This is an automated email from the ASF dual-hosted git repository.
xushiyan pushed a commit to branch master
in repository https://gitbox.apache.org/repos/asf/hudi.git
The following commit(s) were added to refs/heads/master by this push:
new 78ad883a067 [HUDI-6035] Make simple index parallelism auto inferred
(#8468)
78ad883a067 is described below
commit 78ad883a067537bfef866dd5388faa4922efbd58
Author: clownxc <[email protected]>
AuthorDate: Sat Apr 29 22:25:07 2023 +0800
[HUDI-6035] Make simple index parallelism auto inferred (#8468)
---------
Co-authored-by: ClownXC <[email protected]>
Co-authored-by: Raymond Xu <[email protected]>
---
.../main/java/org/apache/hudi/config/HoodieIndexConfig.java | 10 +++++-----
.../java/org/apache/hudi/index/simple/HoodieSimpleIndex.java | 7 ++++++-
2 files changed, 11 insertions(+), 6 deletions(-)
diff --git
a/hudi-client/hudi-client-common/src/main/java/org/apache/hudi/config/HoodieIndexConfig.java
b/hudi-client/hudi-client-common/src/main/java/org/apache/hudi/config/HoodieIndexConfig.java
index fd50fdb0f6d..dc0b1cd5f4a 100644
---
a/hudi-client/hudi-client-common/src/main/java/org/apache/hudi/config/HoodieIndexConfig.java
+++
b/hudi-client/hudi-client-common/src/main/java/org/apache/hudi/config/HoodieIndexConfig.java
@@ -189,14 +189,14 @@ public class HoodieIndexConfig extends HoodieConfig {
public static final ConfigProperty<String> SIMPLE_INDEX_PARALLELISM =
ConfigProperty
.key("hoodie.simple.index.parallelism")
- .defaultValue("100")
+ .defaultValue("0")
.markAdvanced()
.withDocumentation("Only applies if index type is SIMPLE. "

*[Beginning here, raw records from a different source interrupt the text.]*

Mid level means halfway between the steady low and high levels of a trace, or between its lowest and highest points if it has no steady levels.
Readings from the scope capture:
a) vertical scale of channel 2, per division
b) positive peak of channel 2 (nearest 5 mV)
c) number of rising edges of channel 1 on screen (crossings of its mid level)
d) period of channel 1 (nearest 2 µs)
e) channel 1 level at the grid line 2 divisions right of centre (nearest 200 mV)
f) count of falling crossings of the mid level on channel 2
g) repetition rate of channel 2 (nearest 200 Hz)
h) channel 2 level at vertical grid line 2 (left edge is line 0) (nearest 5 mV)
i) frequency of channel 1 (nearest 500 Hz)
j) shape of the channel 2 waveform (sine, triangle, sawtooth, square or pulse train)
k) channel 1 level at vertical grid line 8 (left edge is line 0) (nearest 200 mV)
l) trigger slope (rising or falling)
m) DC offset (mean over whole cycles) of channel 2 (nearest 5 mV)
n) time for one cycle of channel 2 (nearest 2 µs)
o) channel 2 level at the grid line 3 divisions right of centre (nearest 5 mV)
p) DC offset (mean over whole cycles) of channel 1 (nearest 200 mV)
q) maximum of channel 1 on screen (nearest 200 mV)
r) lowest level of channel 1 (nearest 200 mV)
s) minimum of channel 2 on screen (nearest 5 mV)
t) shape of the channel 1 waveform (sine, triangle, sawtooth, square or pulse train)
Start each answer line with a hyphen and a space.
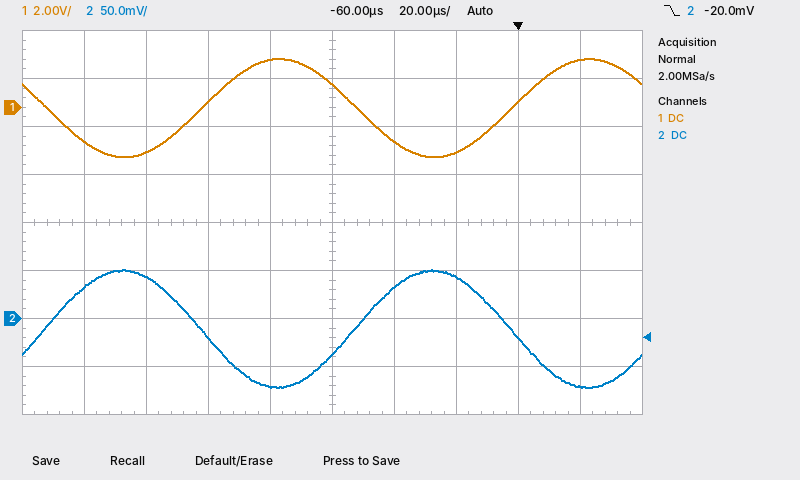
- 50 mV
- 50 mV
- 2
- 100 µs
- -1.8 V
- 2
- 10.0 kHz
- 45 mV
- 10.0 kHz
- sine
- 200 mV
- falling
- -10 mV
- 100 µs
- -20 mV
- 0.0 V
- 2.0 V
- -2.0 V
- -70 mV
- sine

+ "This limits the parallelism of fetching records from the base
files of affected "
- + "partitions. The index picks the configured parallelism if the
number of base "
- + "files is larger than this configured value; otherwise, the number
of base files "
- + "is used as the parallelism. If the indexing stage is slow due to
the limited "
- + "parallelism, you can increase this to tune the performance.");
+ + "partitions. By default, this is auto computed based on input
workload characteristics. "
+ + "If the parallelism is explicitly configured by the user, the
user-configured "
+ + "value is used in defining the actual parallelism. If the indexing
stage is slow "
+ + "due to the limited parallelism, you can increase this to tune the
performance.");
public static final ConfigProperty<String> GLOBAL_SIMPLE_INDEX_PARALLELISM =
ConfigProperty
.key("hoodie.global.simple.index.parallelism")
diff --git
a/hudi-client/hudi-client-common/src/main/java/org/apache/hudi/index/simple/HoodieSimpleIndex.java
b/hudi-client/hudi-client-common/src/main/java/org/apache/hudi/index/simple/HoodieSimpleIndex.java
index 95823ff51e3..dbc49d0655f 100644
---
a/hudi-client/hudi-client-common/src/main/java/org/apache/hudi/index/simple/HoodieSimpleIndex.java
+++
b/hudi-client/hudi-client-common/src/main/java/org/apache/hudi/index/simple/HoodieSimpleIndex.java
@@ -107,11 +107,16 @@ public class HoodieSimpleIndex
.getString(HoodieIndexConfig.SIMPLE_INDEX_INPUT_STORAGE_LEVEL_VALUE));
}
+ int inputParallelism = inputRecords.getNumPartitions();
+ int configuredSimpleIndexParallelism = config.getSimpleIndexParallelism();
+ // NOTE: Target parallelism could be overridden by the config
+ int targetParallelism =
+ configuredSimpleIndexParallelism > 0 ?
configuredSimpleIndexParallelism : inputParallelism;
HoodiePairData<HoodieKey, HoodieRecord<R>> keyedInputRecords =
inputRecords.mapToPair(record -> new ImmutablePair<>(record.getKey(),
record));
HoodiePairData<HoodieKey, HoodieRecordLocation> existingLocationsOnTable =
fetchRecordLocationsForAffectedPartitions(keyedInputRecords.keys(),
context, hoodieTable,
- config.getSimpleIndexParallelism());
+ targetParallelism);
HoodieData<HoodieRecord<R>> taggedRecords =
keyedInputRecords.leftOuterJoin(existingLocationsOnTable).map(entry ->
{